The strengths of this narrative review include a comprehensive evaluation of frailty assessment tools that were specifically validated in surgical populations as well as postoperative outcomes that have been examined among individuals who were identified as frail using these tools. Limitations of this review include focus on adults over age 65. There are studies examining frail patients who are <65, particularly in cancer, cardiac surgery, and transplant medicine fields that were excluded based on our criteria. An additional limitation is that studies looking at oncologic surgeries and those with concurrent or preceding chemotherapy were also excluded. The presence of cancer and chemotherapy can be an additional stressor to older adults, and patients with a history of cancer have significantly higher rates of frailty and vulnerability.[72] A comprehensive review focusing on frailty in the oncologic setting has been recently published.[73] We also excluded studies that focused only on preoperative sarcopenia, but a review on the topic of sarcopenia and surgical outcomes has also been published recently.[74]

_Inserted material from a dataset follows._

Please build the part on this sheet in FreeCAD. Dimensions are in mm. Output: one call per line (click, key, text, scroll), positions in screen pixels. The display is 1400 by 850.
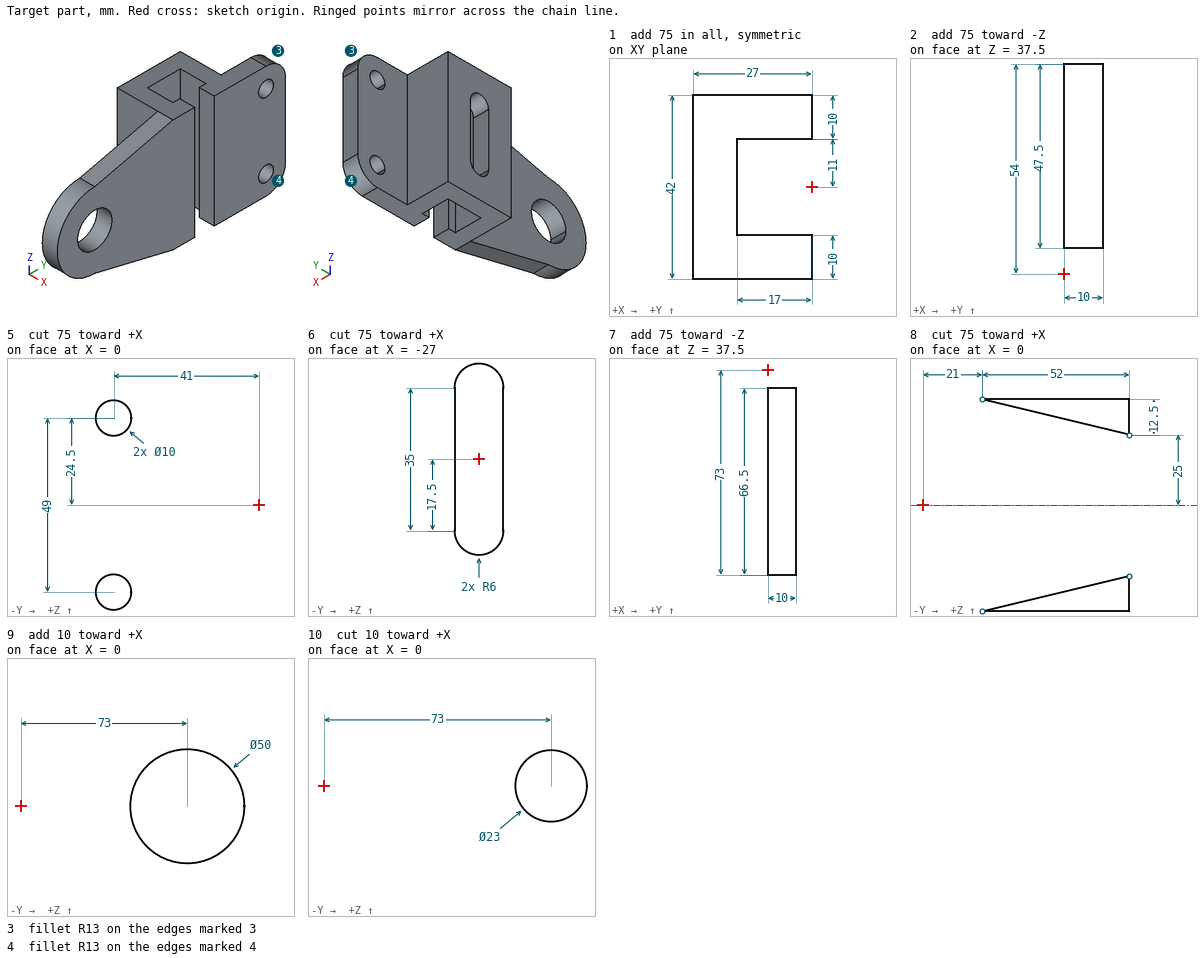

Determining a patient's preoperative frailty status is critical to assessing a patient's overall perioperative risk including postoperative complications, increased mortality, longer hospital LOS, and higher level of care on discharge. Preoperative knowledge of frailty status can guide discussions among patients, their families, anesthesiologists, and surgeons to tailor perioperative care for patients to mitigate this increased risk. All the frailty assessment tools identified in this review demonstrated the ability to identify frail individuals who were at higher risk of worse postoperative outcomes compared to nonfrail individuals in different surgical settings. These assessment tools incorporate different measurements that can be done in the outpatient setting or in the hospital before surgery, demonstrating feasibility. Ongoing studies on the efficacy of preoperative interventions targeting frail patients will be instructive in providing more information about how to best improve postoperative outcomes for frail older adults.